Wie das Techportal Golem berichtet, kommt es im Rennspiel "Ridge Racer Type 4" zu Aussetzern beim Sound und die Bildrate stottert. Große Diskussionen unter Gamern löste zudem aus, dass die Spiele in unterschiedlichen Formaten auf der Playstation Classic installiert sind - neun in PAL und elf in NTSC. Die beiden Formate nutzen unterschiedliche Bildraten, dadurch werden neun der Spiele langsamer dargestellt. Im Test machte sich das am ehesten in "Grand Theft Auto" und in "Tekken 3" bemerkbar. Gelegenheitsspieler, die sich die Retro-Konsole der Nostalgie wegen gekauft haben, werden die Unterschiede ohne einen direkten Vergleich sonst nicht bemerken.

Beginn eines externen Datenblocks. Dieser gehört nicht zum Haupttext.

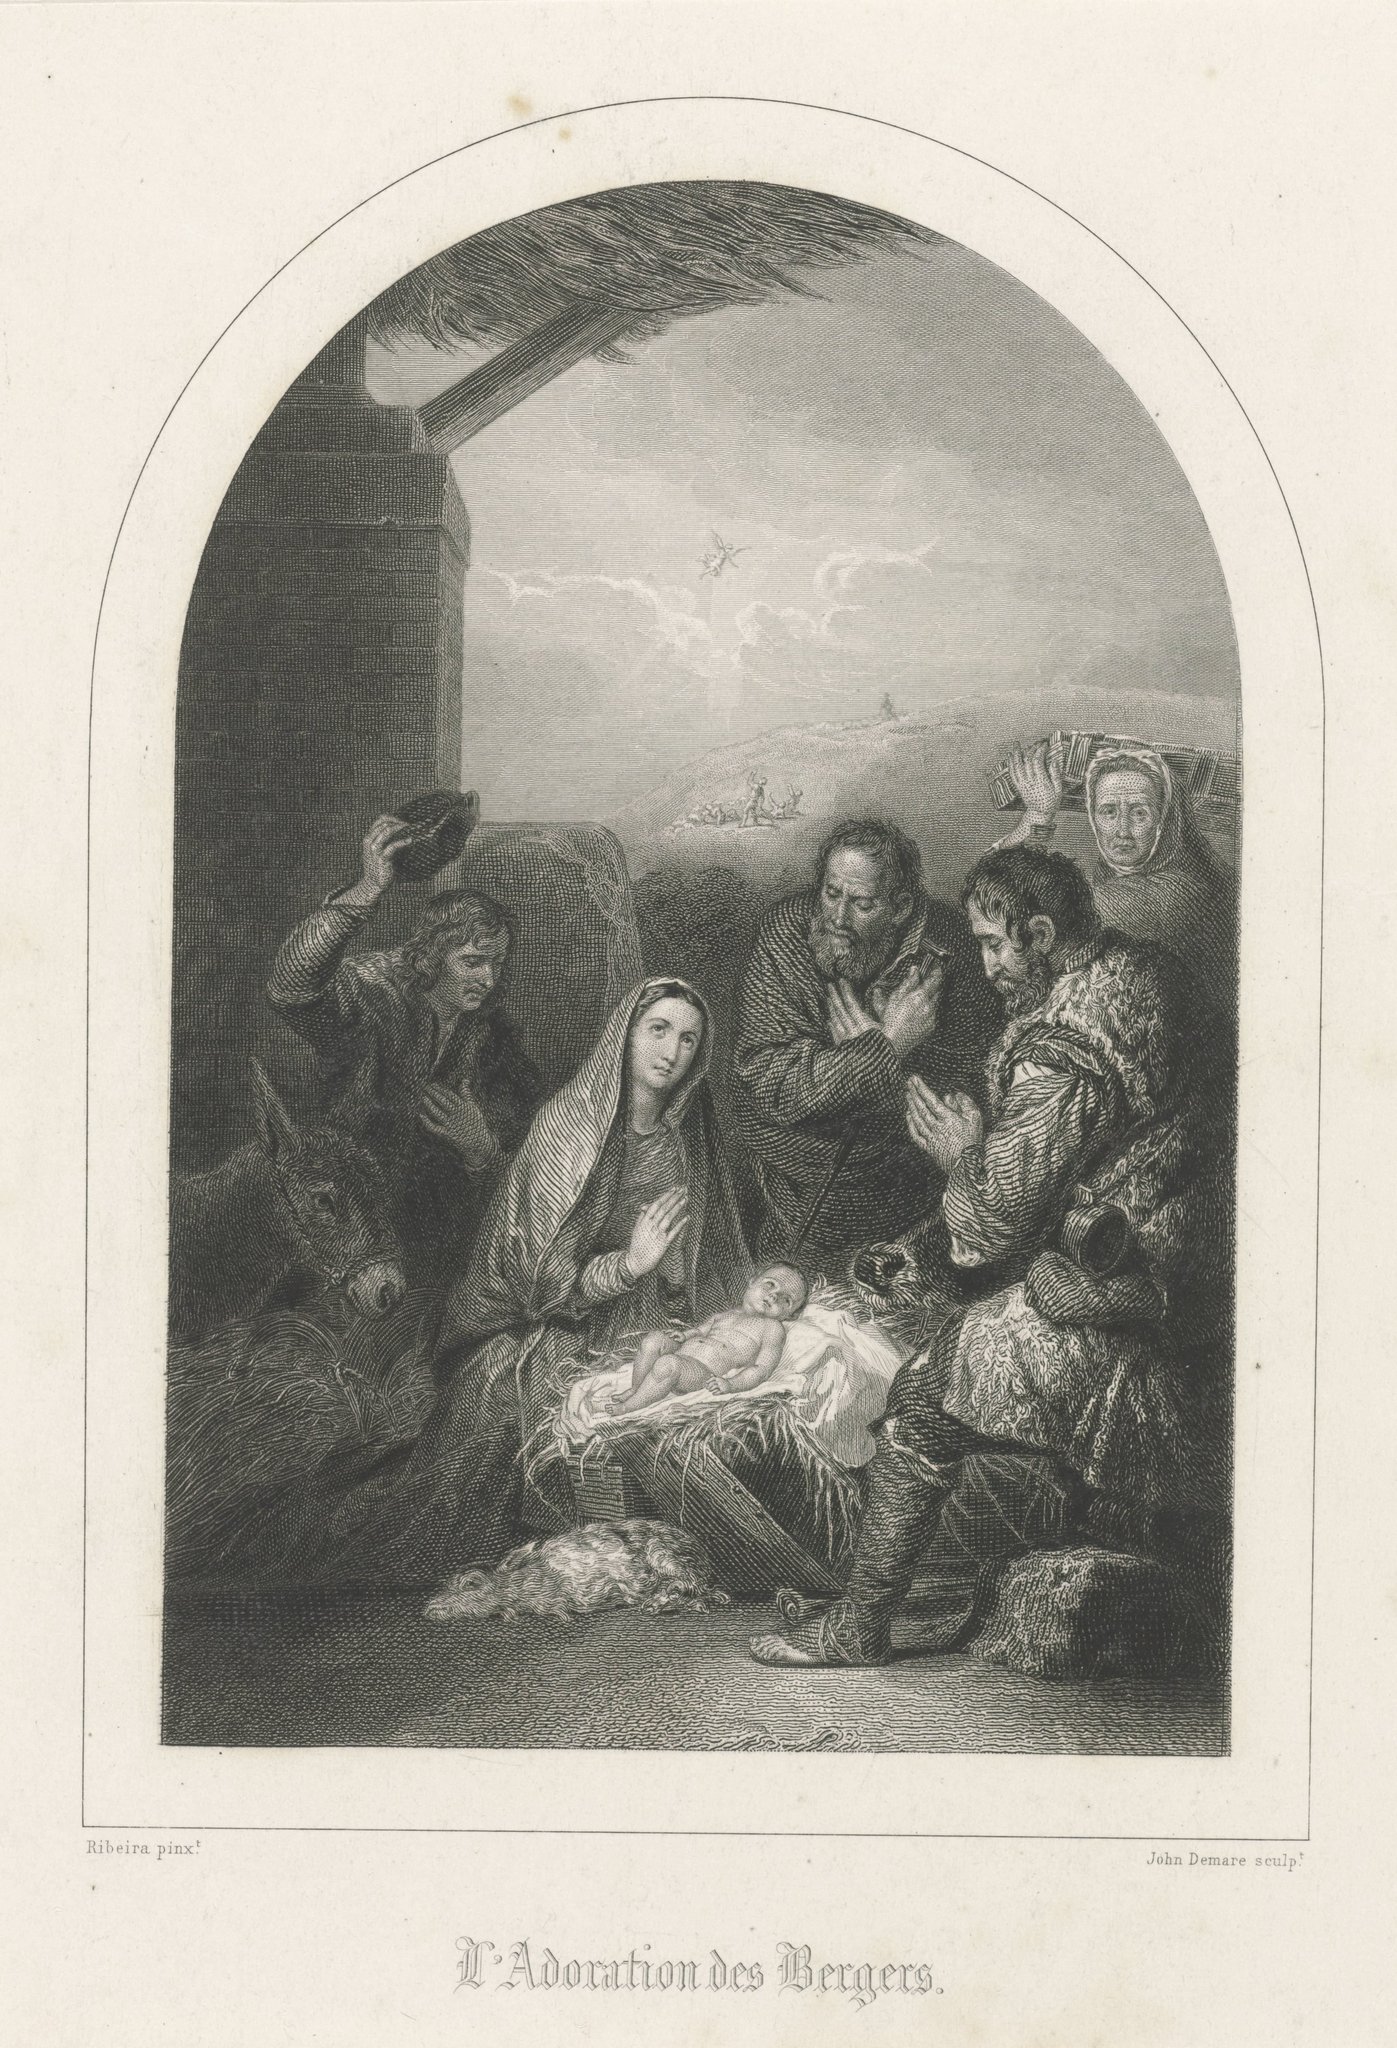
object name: print
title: L'Adoration des Bergers
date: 1816-1889
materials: paper
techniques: engraving
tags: adoration of the christ-child by the shepherds; mary and joseph present
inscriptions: collector's mark: Lugt 2228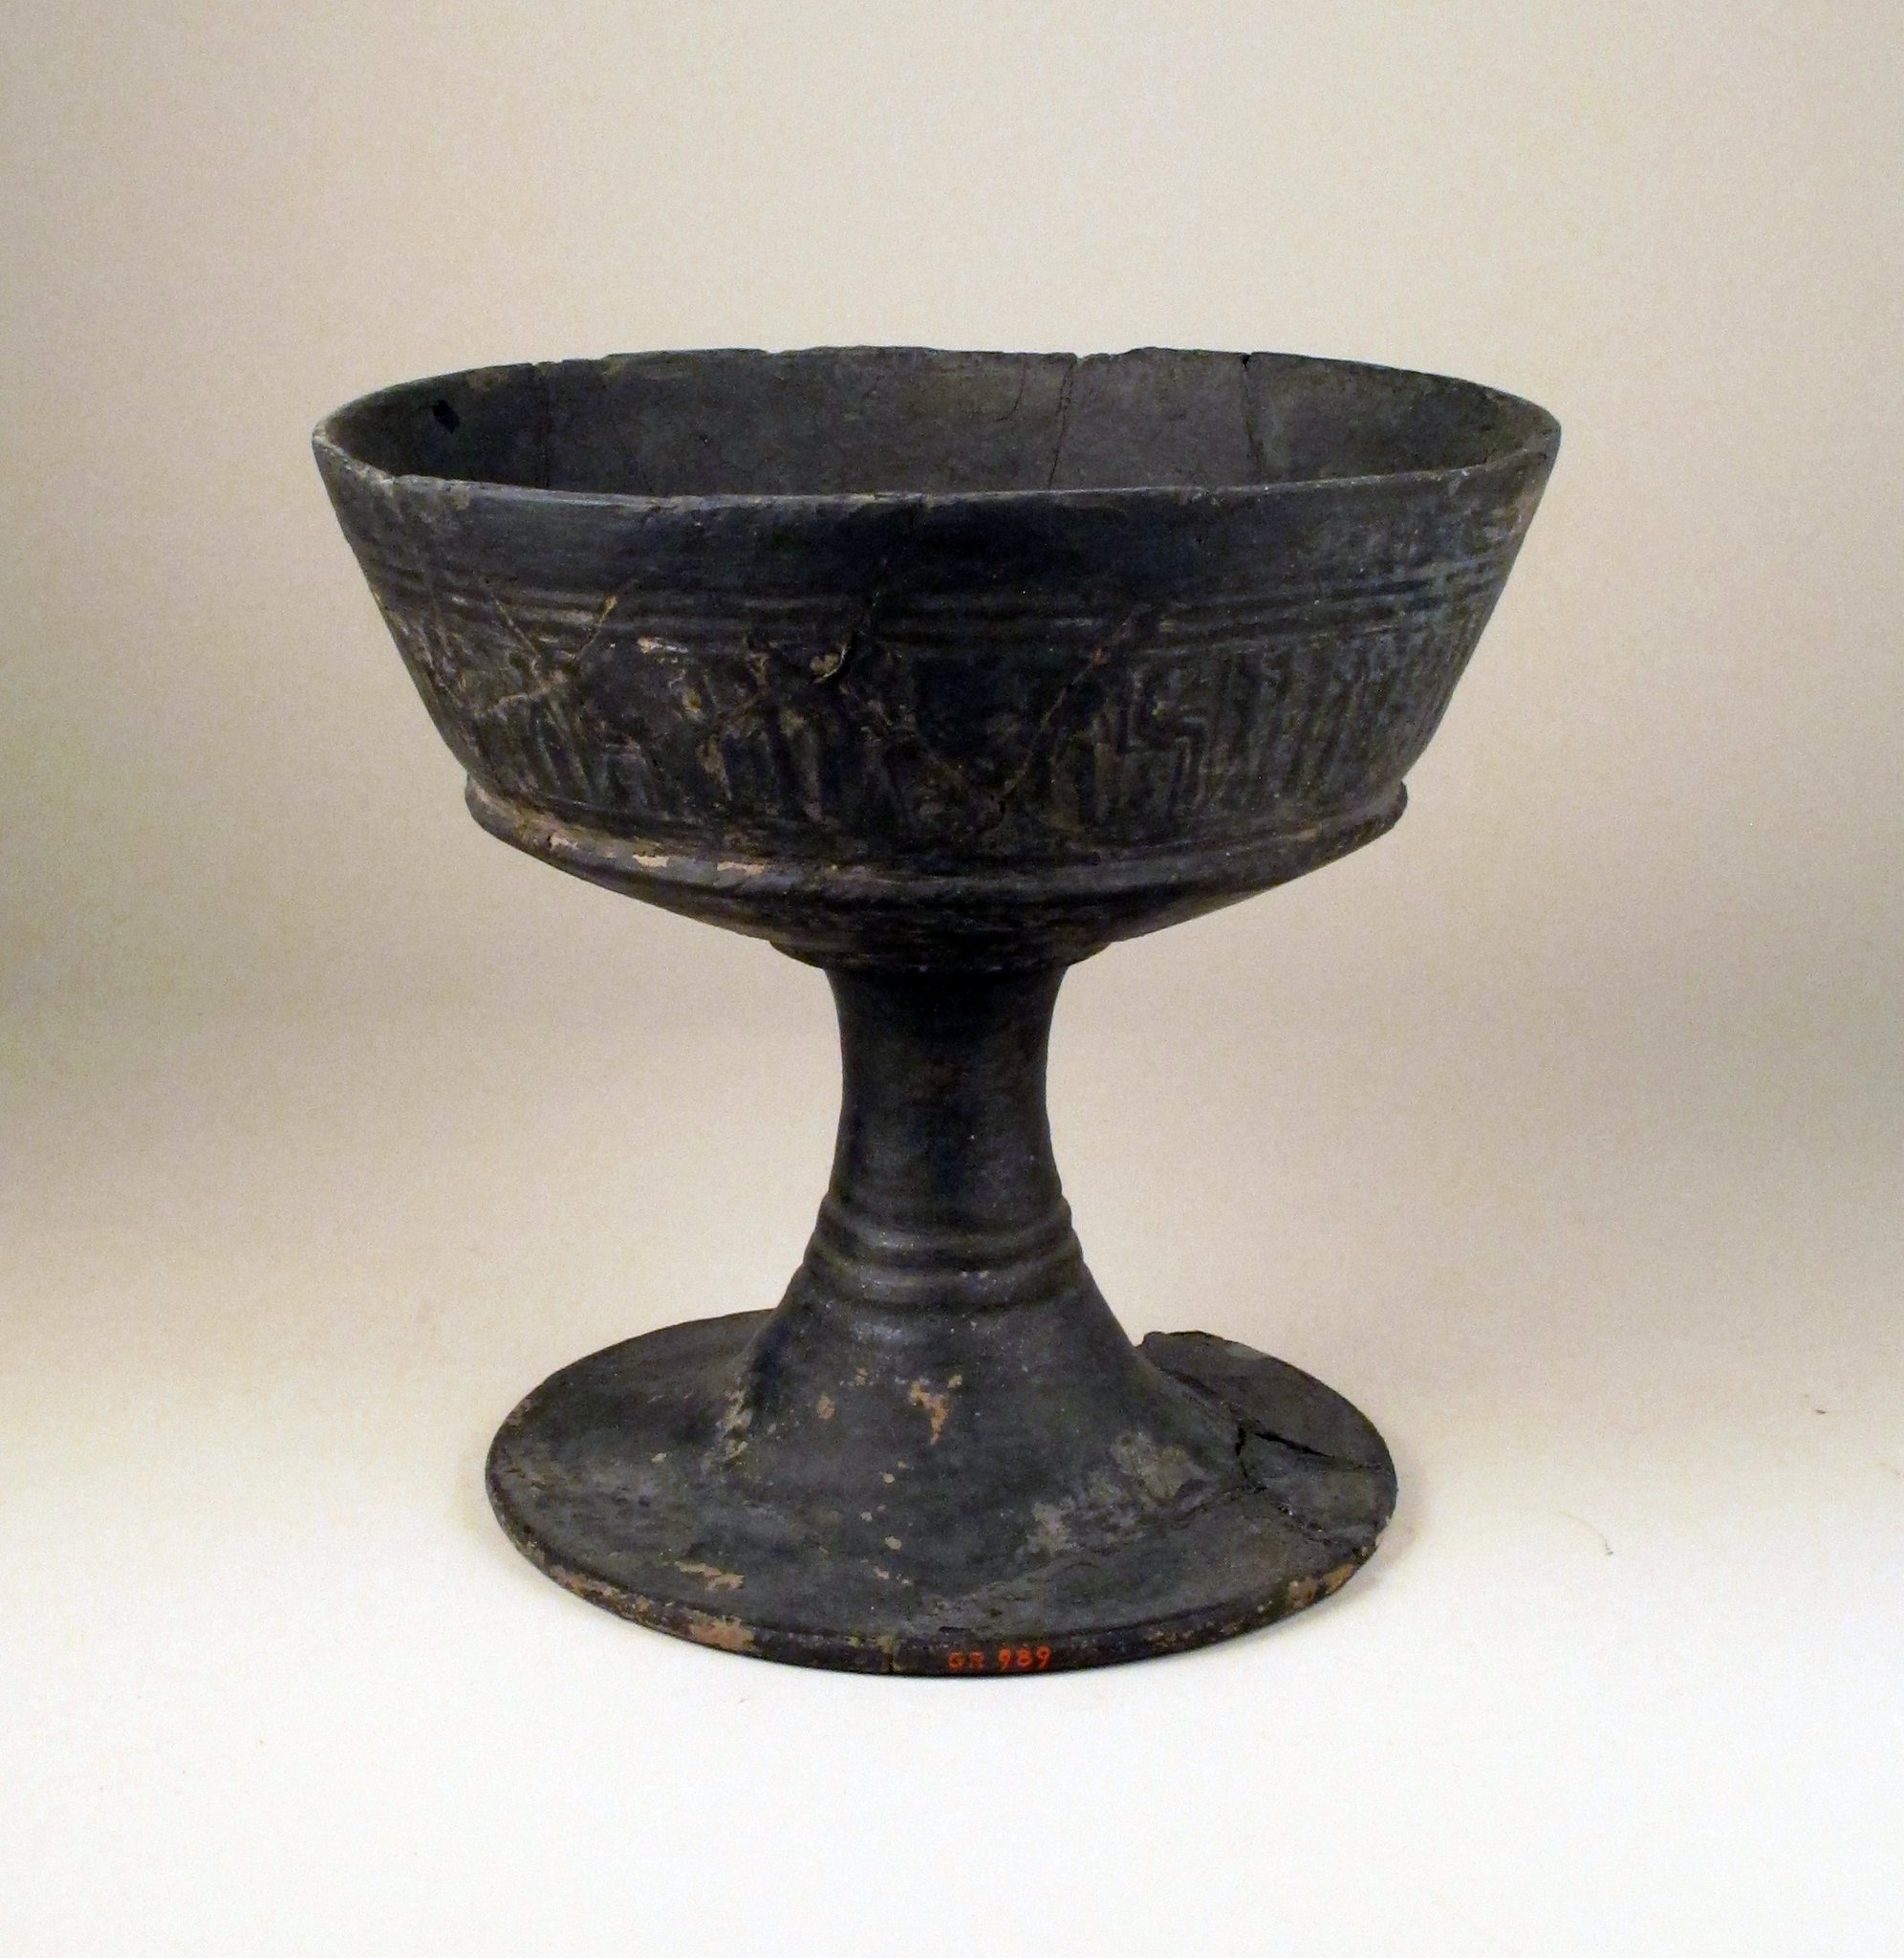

Für die Computerexperten unter den Fans gibt es aber auch eine gute Nachricht: Weil die Software Open-Source ist, lässt sie sich vergleichsweise einfach manipulieren. Golem erklärt im Video, wie Spieler mit einer Tastatur in die Einstellungen gelangen, um dort die Grafik anzupassen. Bastler haben es mittlerweile auch geschafft, das von Sony ignorierte "Crash Bandicoot" auf der Playstation Classic zu installieren. Beides ist von den Entwicklern nicht vorgesehen. Aber möglicherweise braucht es einfach andere Hardware, um die Playstation-Klassiker zu Hause ruckelfrei spielen zu können. Wie ein Youtube-Video beweisen soll, läuft das Playstation-Spiel "Ridge Racer Type 4" auf der Nintendo-Nachbildung SNES Classic deutlich flüssiger als auf dem Gerät von Sony.